Related Category: Music: Theory, Forms, And Instruments

musical instruments are classified in various ways, but the system devised in 1914 by Kurt Sachs and E. M. von Hornbostel has been accorded recognition by both anthropologists and musicologists because it is applicable not only to modern Western instruments but to primitive and exotic instruments as well. This system divides instruments into five main classes: idiophones, membranophones, aerophones, chordophones, and electrophones. Most idiophones, which are instruments made of a sonorous material needing no additional tension, and membranophones, whose sound is produced by the vibrations of a membrane stretched over a hollow resonator, are popularly grouped as percussion instruments; certain instruments, however, such as the jew's-harp and the glass harmonica (see harmonica 2 ), are idiophones, but are not percussion instruments. Aerophones are of two types: free aerophones, which include those reed instruments employing free reeds, and wind instruments, which produce sound by means of an enclosed, vibrating column of air.
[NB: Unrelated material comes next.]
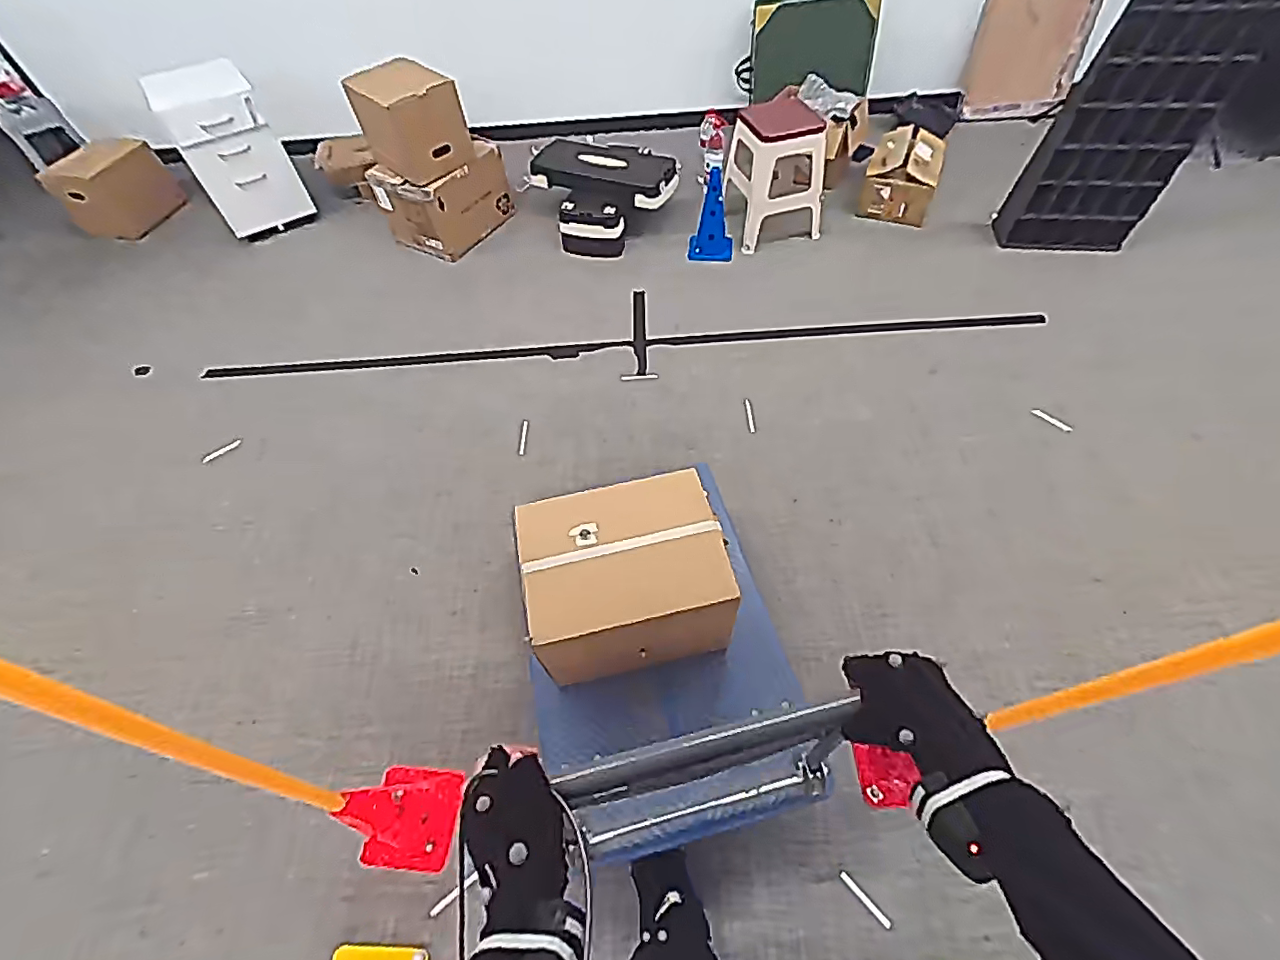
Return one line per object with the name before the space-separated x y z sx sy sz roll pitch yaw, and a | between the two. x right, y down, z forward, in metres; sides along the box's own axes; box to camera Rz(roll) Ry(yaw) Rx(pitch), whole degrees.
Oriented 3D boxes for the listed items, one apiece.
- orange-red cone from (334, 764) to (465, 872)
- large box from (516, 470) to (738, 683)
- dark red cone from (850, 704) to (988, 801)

Chordophones are stringed instruments. Electrophones, a development of the 20th cent., are of two types: those which simply add an electric amplifier to some existing instrument, e.g., the piano, guitar, or reed organ, and those whose sounds originate as electrical vibrations, e.g., the electric organ. See articles on individual instruments, e.g., dulcimer.

See K. Sachs, The History of Musical Instruments (1940); K. Geiringer, Musical Instruments (1943, 2d ed. 1978); A. Buchner, Musical Instruments: An Illustrated History (rev. ed. 1973).



The Columbia Electronic Encyclopedia Copyright © 2009, Columbia University Press.
Licensed from Columbia University Press. All rights reserved.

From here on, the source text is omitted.